INQUIRING LINE

Why does early experience provide better warm-starts for downstream reinforcement learning?

This explores why building up experience or capability *before* the reinforcement-learning phase — a 'warm start' — pays off downstream, and the corpus suggests the answer is that RL mostly sharpens and activates what's already present rather than creating it.


This explores why feeding a model experience early — before the main reinforcement-learning push — makes that later RL more effective. The collection doesn't use the phrase 'warm-start' directly, but several notes converge on a single explanation: RL is largely an *activation and sharpening* process, not a *creation* process, so whatever you plant early determines the ceiling of what RL can reach.
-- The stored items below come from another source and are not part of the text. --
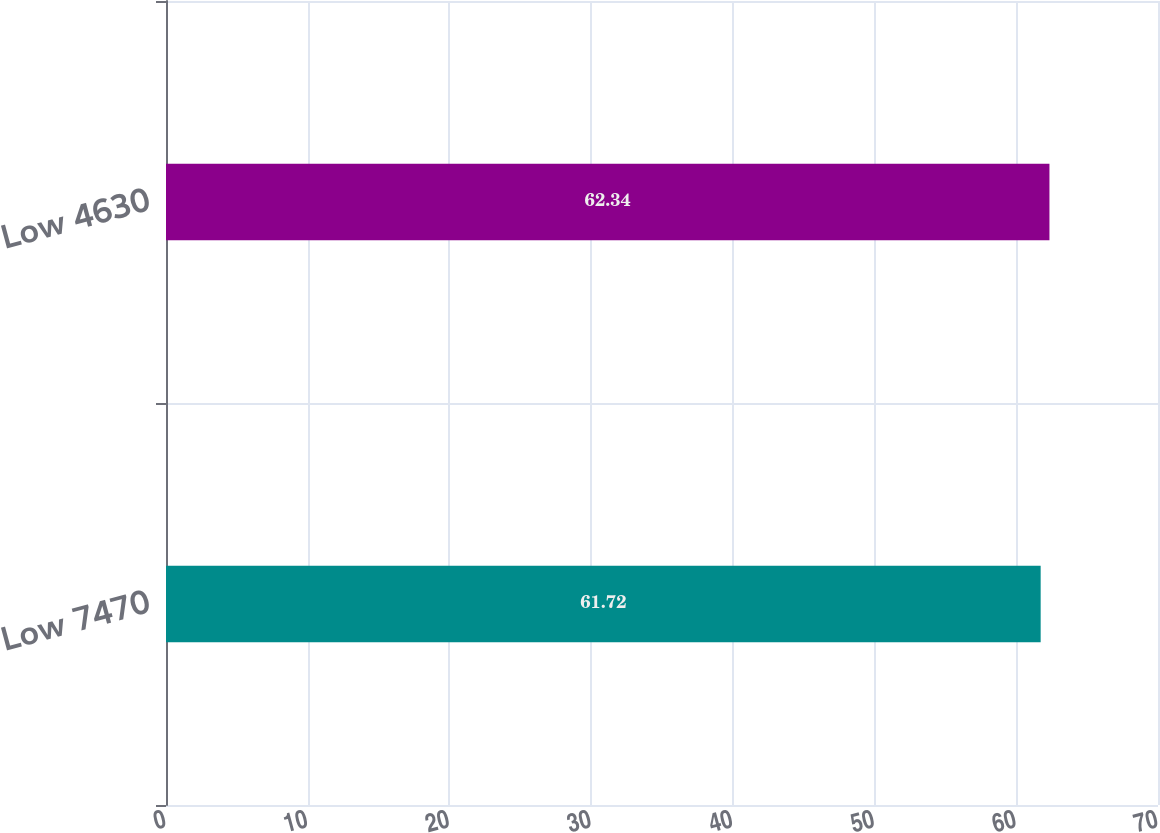Convert chart to OTSL. <chart><loc_0><loc_0><loc_500><loc_500><bar_chart><fcel>Low 7470<fcel>Low 4630<nl><fcel>61.72<fcel>62.34<nl></chart> 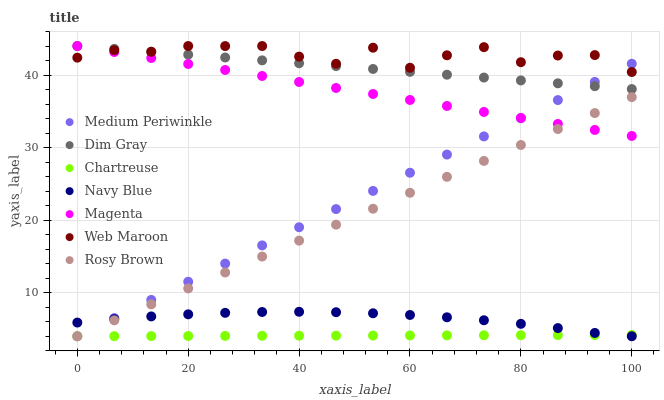Does Chartreuse have the minimum area under the curve?
Answer yes or no. Yes. Does Web Maroon have the maximum area under the curve?
Answer yes or no. Yes. Does Navy Blue have the minimum area under the curve?
Answer yes or no. No. Does Navy Blue have the maximum area under the curve?
Answer yes or no. No. Is Chartreuse the smoothest?
Answer yes or no. Yes. Is Web Maroon the roughest?
Answer yes or no. Yes. Is Navy Blue the smoothest?
Answer yes or no. No. Is Navy Blue the roughest?
Answer yes or no. No. Does Navy Blue have the lowest value?
Answer yes or no. Yes. Does Web Maroon have the lowest value?
Answer yes or no. No. Does Magenta have the highest value?
Answer yes or no. Yes. Does Navy Blue have the highest value?
Answer yes or no. No. Is Navy Blue less than Magenta?
Answer yes or no. Yes. Is Dim Gray greater than Rosy Brown?
Answer yes or no. Yes. Does Chartreuse intersect Rosy Brown?
Answer yes or no. Yes. Is Chartreuse less than Rosy Brown?
Answer yes or no. No. Is Chartreuse greater than Rosy Brown?
Answer yes or no. No. Does Navy Blue intersect Magenta?
Answer yes or no. No. 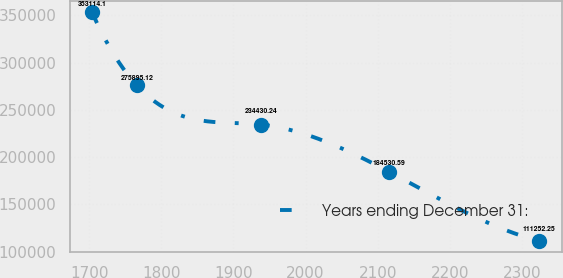Convert chart. <chart><loc_0><loc_0><loc_500><loc_500><line_chart><ecel><fcel>Years ending December 31:<nl><fcel>1704.09<fcel>353114<nl><fcel>1766.09<fcel>275895<nl><fcel>1938.63<fcel>234430<nl><fcel>2115.56<fcel>184531<nl><fcel>2324.14<fcel>111252<nl></chart> 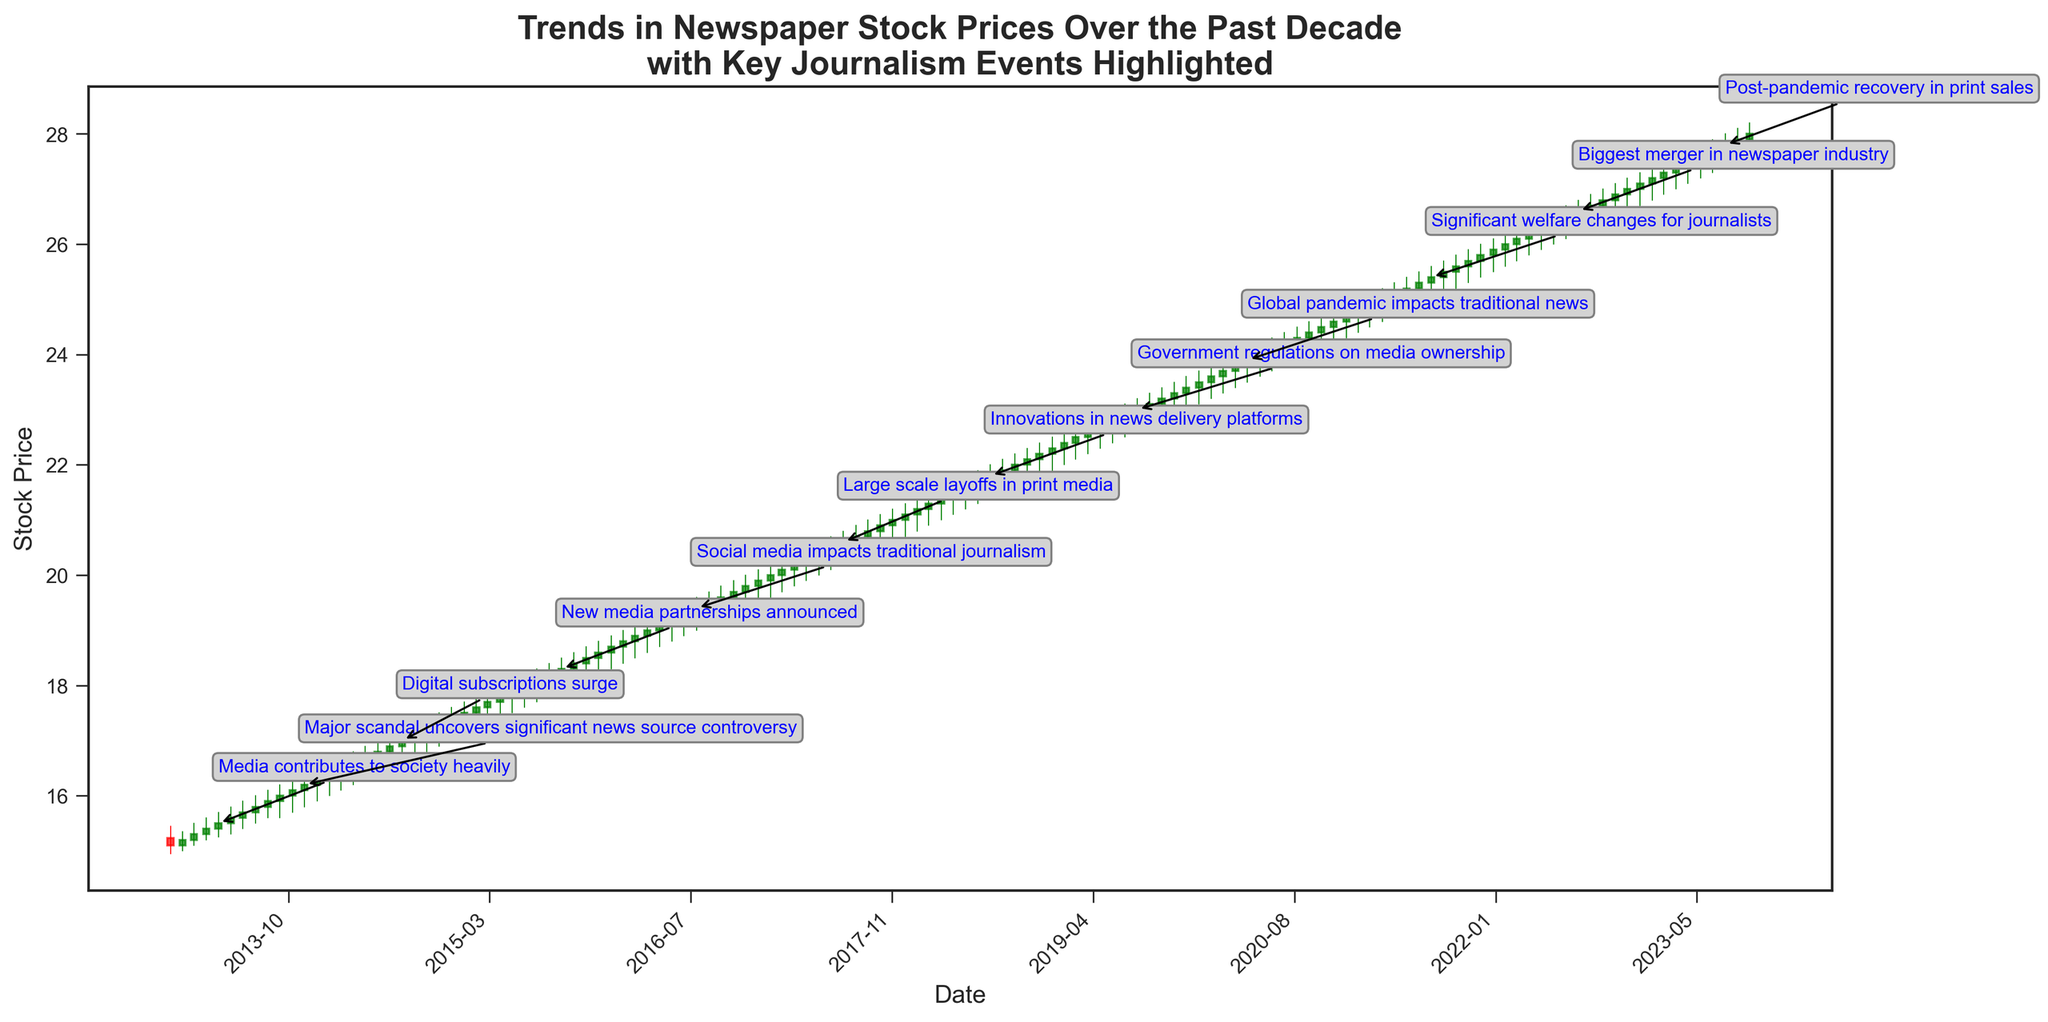When was the first event "Media contributes to society heavily," and what was the stock's closing price then? Locate the “Media contributes to society heavily” annotation on the figure, find the corresponding date in the x-axis, and read the closing price at that point.
Answer: May 2013, 15.50 What is the average closing price in 2019? Identify the closing prices for each month in 2019, sum them up, and divide by the number of months. The closing prices are 22.30, 22.40, 22.50, 22.60, 22.70, 22.80, 22.90, 23.00, 23.10, 23.20, 23.30, and 23.40 respectively. The sum is 273.2, so the average is 273.2/12.
Answer: 22.77 How did the stock price react to the event "Government regulations on media ownership"? Locate the “Government regulations on media ownership” annotation. Compare the closing prices immediately before and after the event. The stock closes at 22.80 right after the event and previously at 22.60.
Answer: The price increased Which event corresponds with the highest stock volume and what was that volume? Check the annotations and identify the volume associated with each. The "Post-pandemic recovery in print sales" event in August 2023 coincides with the highest volume of 820,000.
Answer: Post-pandemic recovery in print sales, 820,000 Compare the stock level changes before and after the digital subscriptions surged. Look at the "Digital subscriptions surge" annotation. Identify the closing prices before (July 2014: 16.90) and after (September 2014: 17.10). Calculate the difference.
Answer: The stock increased by 0.20 Which event marked the largest increase in the stock price within the same year and what was the increase? Look at the annotations and compare the stock prices before and after each event within the same year. "Major scandal uncovers significant news source controversy" in 2013 shows an increase from 16.20 to 16.30. No larger increases within the same year are annotated.
Answer: Major scandal uncovers significant news source controversy, 0.10 What trend in stock prices is seen after the "Global pandemic impacts traditional news" event? Identify the date of the event in May 2020 and observe the stock prices in the months following. The stock prices continue to rise steadily after the event.
Answer: The prices increased steadily What month and year did the stock first close above 25 dollars and what event happened around that time? Track the closing prices and locate the point where it first surpassed 25 dollars. In April 2021, the closing price moved above 25. Shortly before this in December 2020, there was no specific event noted.
Answer: April 2021, No specific event Compare the stock variations between the beginning (2013) and the end (2023) periods. Look at the starting price in January 2013 (15.10) and finishing price in October 2023 (28.00). The stock has significantly appreciated.
Answer: The stock price increased from 15.10 to 28.00

The sharpest version of this comes from work on what reinforcement learning actually does. RLVR (reinforcement learning with verifiable rewards) turns out not to expand the set of problems a model can solve — at high sampling counts the base model matches or beats the RL-tuned one — meaning RL narrows sampling toward solutions the base distribution *already contained* Does RLVR actually expand what models can reason about?. A companion finding shows a single training example can trigger this activation, and even spurious rewards work nearly as well, as long as the right capability was pretrained in What does reward learning actually do to model reasoning?. If RL can only amplify what's latent, then the quality of the early experience *is* the quality of the warm-start: you're not teaching new skills downstream, you're surfacing ones already there.

The order in which capability arrives also matters. RL training moves through two phases — first consolidating procedural execution correctness, then shifting the bottleneck to strategic planning Does RL training follow a predictable two-phase learning sequence?. That sequence implies a warm-start that has already nailed the procedural layer lets RL spend its budget on the harder strategic phase instead of relearning the basics. Relatedly, work on chain-of-thought shows reasoning can be 'planted earlier' — treated as exploratory action *during pretraining* with an information-gain reward — and this lifts downstream math and science performance by ~19% Can chain-of-thought reasoning be learned during pretraining itself?. Earlier planting, better downstream behavior.

There's a structural reason this works so cleanly. RL touches surprisingly little of the network: across seven algorithms and ten model families it updates only 5–30% of parameters, and those updates are nearly identical across random seeds — structural, not arbitrary Does reinforcement learning update only a small fraction of parameters?. A process that adjusts a small, consistent subnetwork is well-suited to *refining* a good starting point and poorly suited to building capability from scratch — which is exactly why the starting point carries so much weight.

The lateral payoff for a curious reader: 'warm-start' isn't just an efficiency trick. Two different lines of work — one showing RL doesn't push past base-model boundaries, another showing knowledge embeds better when reasoning quality is internalized first Can reinforcement learning embed domain knowledge more effectively than supervised fine-tuning? — point to the same uncomfortable idea: the most important learning may happen *before* the reinforcement learning ever starts, and RL is mostly there to find what early experience already put in place.


Sources 6 notes

Does RLVR actually expand what models can reason about?

Pass@k analysis shows base models outperform RLVR models at high k, indicating RLVR doesn't expand solvable problems but rather narrows sampling toward solutions already in the base model's distribution. Distillation, by contrast, genuinely transfers new reasoning patterns.

What does reward learning actually do to model reasoning?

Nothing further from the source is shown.